Vector.md

Vector

Class RedAmber::Vector represents a series of data in the DataFrame.

Constructor

Create from a column in a DataFrame

df = DataFrame.new(x: [1, 2, 3])
df[:x]
# =>
#<RedAmber::Vector(:uint8, size=3):0x000000000000f4ec>
[1, 2, 3]

New from an Array

vector = Vector.new([1, 2, 3])
# or
vector = Vector.new(1, 2, 3)
# or
vector = Vector.new(1..3)
# or
vector = Vector.new(Arrow::Array.new([1, 2, 3])
# or
require 'arrow-numo-narray'
vector = Vector.new(Numo::Int8[1, 2, 3])

# =>
#<RedAmber::Vector(:uint8, size=3):0x000000000000f514>
[1, 2, 3]

Properties

to_s

values, to_a, entries

indices, indexes, indeces

Return indices in an Array.

to_ary

It implicitly converts a Vector to an Array when required.

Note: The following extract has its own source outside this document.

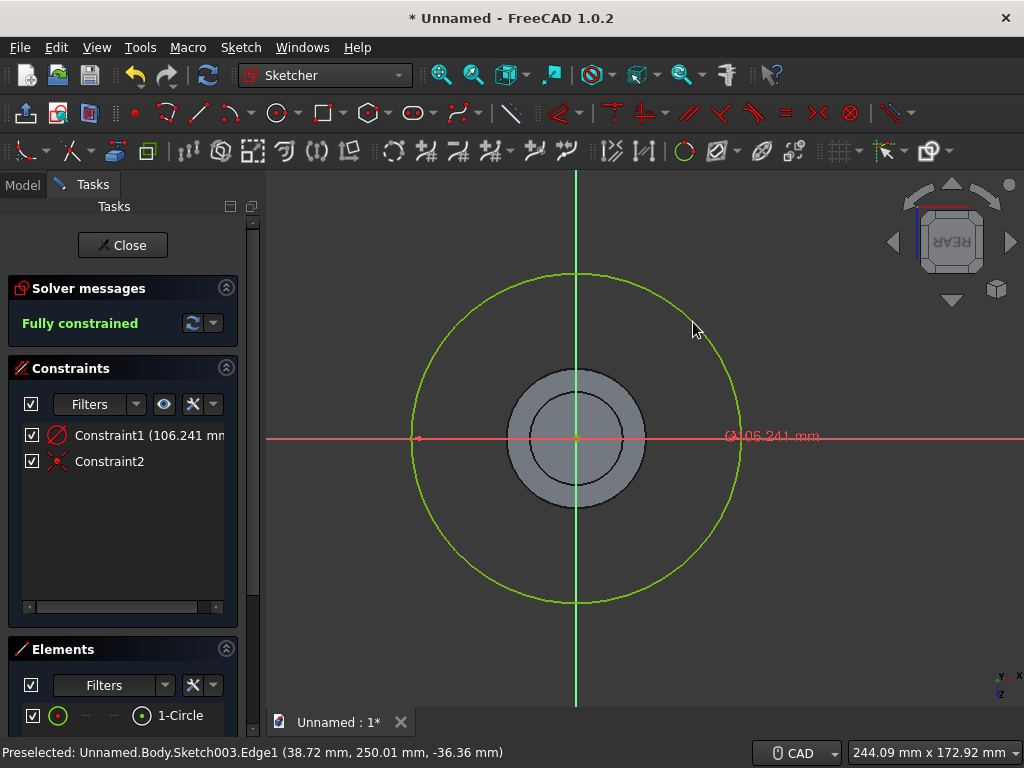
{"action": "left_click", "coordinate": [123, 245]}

[1, 2] + Vector.new([3, 4])

# =>
[1, 2, 3, 4]

size, length, n_rows, nrow

empty?

type

boolean?, numeric?, string?, temporal?

type_class

each, map, collect

If block is not given, returns Enumerator.

n_nils, n_nans

• n_nulls is an alias of n_nils

has_nil?

Returns true if self has any nil. Otherwise returns false.

inspect(limit: 80)

• limit sets size limit to display a long array.

  vector = Vector.new((1..50).to_a)
  # =>
  #<RedAmber::Vector(:uint8, size=50):0x000000000000f528>
  [1, 2, 3, 4, 5, 6, 7, 8, 9, 10, 11, 12, 13, 14, 15, 16, 17, 18, 19, 20, 21, 22, ... ]

Selecting Values

take(indices), [](indices)

• Acceptable class for indices:
  • Integer, Float
  • Vector of integer or float
  • Arrow::Arry of integer or float
• Negative index is also OK like the Ruby's primitive Array.

array = Vector.new(%w[A B C D E])
indices = Vector.new([0.1, -0.5, -5.1])
array.take(indices)
# or
array[indices]

# =>
#<RedAmber::Vector(:string, size=3):0x000000000000f820>
["A", "E", "A"]

filter(booleans), select(booleans), [](booleans)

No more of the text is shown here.